Find guidance on using SAS for multiple imputation and solving common missing data issues. Multiple Imputation of Missing Data Using SAS provides both theoretical background and constructive solutions for those working with incomplete data sets in an engaging example-driven format. It offers practical instruction on the use of SAS for multiple imputation and provides numerous examples that use a variety of public release data sets with applications to survey data. Written for users with an intermediate background in SAS programming and statistics, this book is an excellent resource for anyone seeking guidance on multiple imputation. The authors cover the MI and MIANALYZE procedures in detail, along with other procedures used for analysis of complete data sets.
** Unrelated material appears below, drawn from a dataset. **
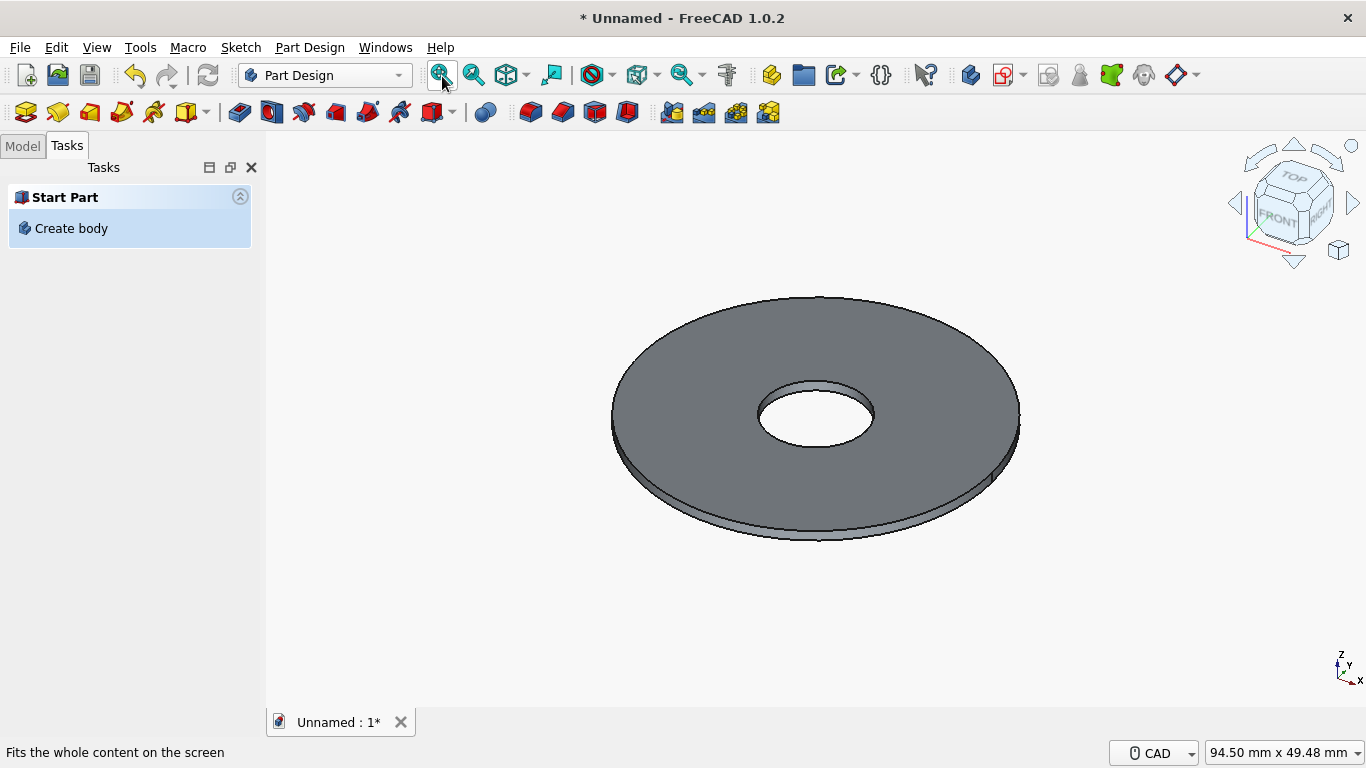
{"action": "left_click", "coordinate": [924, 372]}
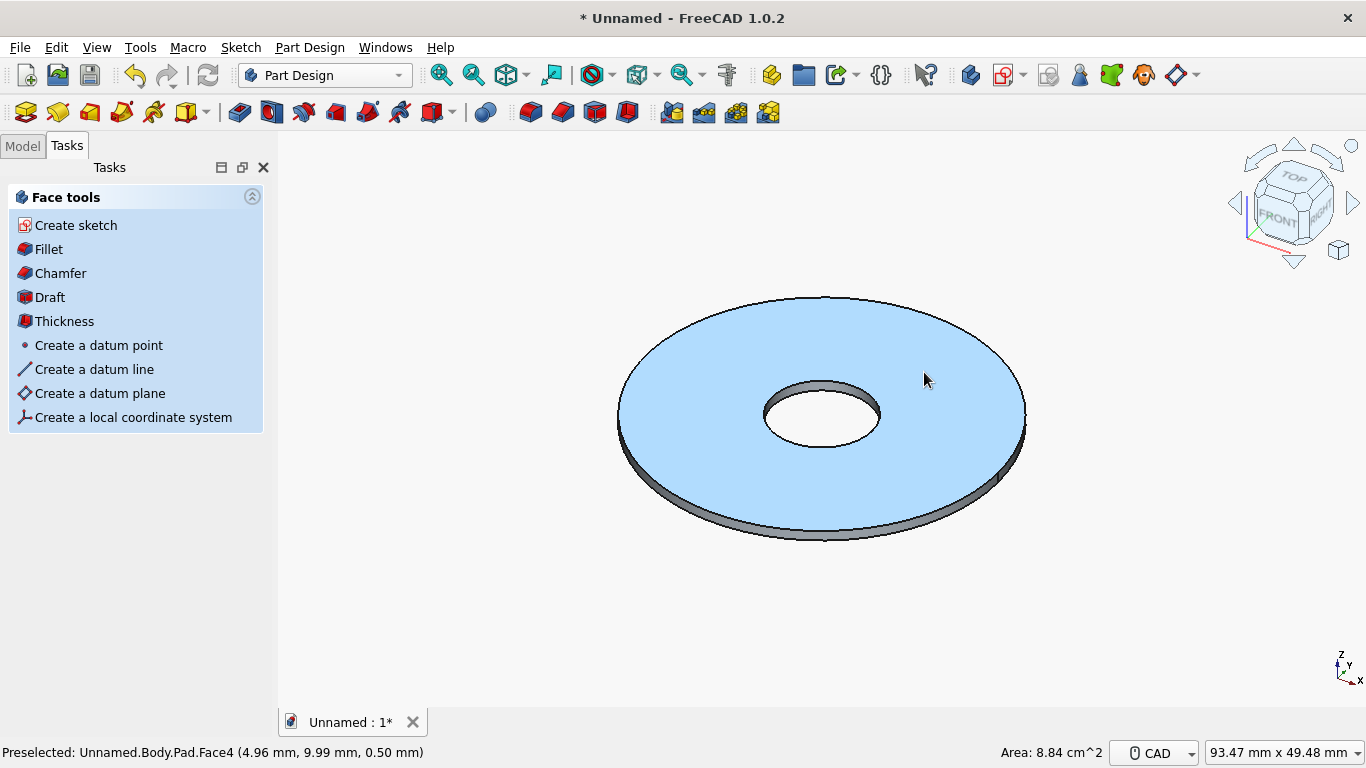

They guide analysts through the multiple imputation process, including evaluation of missing data patterns, choice of an imputation method, execution of the process, and interpretation of results. Topics discussed include how to deal with missing data problems in a statistically appropriate manner, how to intelligently select an imputation method, how to incorporate the uncertainty introduced by the imputation process, and how to incorporate the complex sample design (if appropriate) through use of the SAS SURVEY procedures. Discover the theoretical background and see extensive applications of the multiple imputation process in action. This book is part of the SAS Press program.